The Office of the Attorney General, per

David I. Matlick, Assistant

 

 

            The employer, LLC Foxes II, filed an appeal with the Board of Industrial Insurance Appeals on May 16, 2005 , from an order of the Department of Labor and Industries dated March 18, 2005 .  In this order, the Department affirmed orders dated December 13, 2004 and June 25, 2004 , in which the Department allowed the claim.  The Department order is AFFIRMED.

 

PRELIMINARY MATTERS

 

             Pursuant to RCW 51.52.104 and RCW 51.52.106, this matter is before the Board for review and decision on a timely Petition for Review filed by the employer to a Proposed Decision and Order issued on March 29, 2006 , in which the industrial appeals judge affirmed the order of the Department dated March 18, 2005 .

             The employer argues that several exhibits offered were rejected in error.  They pertain to Department actions on other claims that the employer believes are inconsistent with the Department adjudication in this claim.  We agree with our industrial appeals judge that they are not relevant and should remain rejected.  Actions that the Department takes in other claims pertain to each of those claims, and have no bearing to the adjudication of this claim.  It is not the Board's role to ensure that the Department is consistent, even if it were to know the facts of each individual claim.  Each case must be decided on its own merits.  Relative to other evidentiary matters, we have reviewed the rulings in the record of proceedings and find that no prejudicial error was committed.  The rulings are affirmed.  [2]

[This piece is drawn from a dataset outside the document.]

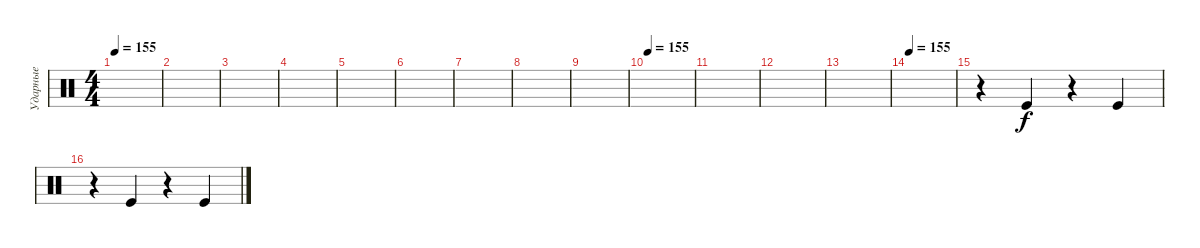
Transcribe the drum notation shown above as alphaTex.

            The other issues presented by this appeal and the evidence presented by the parties are adequately set forth in the Proposed Decision and Order.

DECISION

 

            This comes before us on the employer's Petition for Review from our industrial appeals judge's determination that the claimant was a worker as contemplated by the Industrial Insurance Act.   The Department decided that this claim should be allowed.  Ms. Stracener is a nightclub dancer.  She performed at a club called Foxes, and was also expected to make agreements with customers for private dances on Foxes' premises.  The employer argues that the claimant is a lessee of its club "space" and is a sole proprietor, not an employee or even an independent contractor, and is therefore excluded from coverage under RCW 51.12.020(5).  Alternatively, it argues that Ms. Stracener is excluded from coverage pursuant to RCW 51.12.020(9), as an entertainer under a contract with a purchaser of the services for a specific engagement not regularly or continuously employed by the purchaser. 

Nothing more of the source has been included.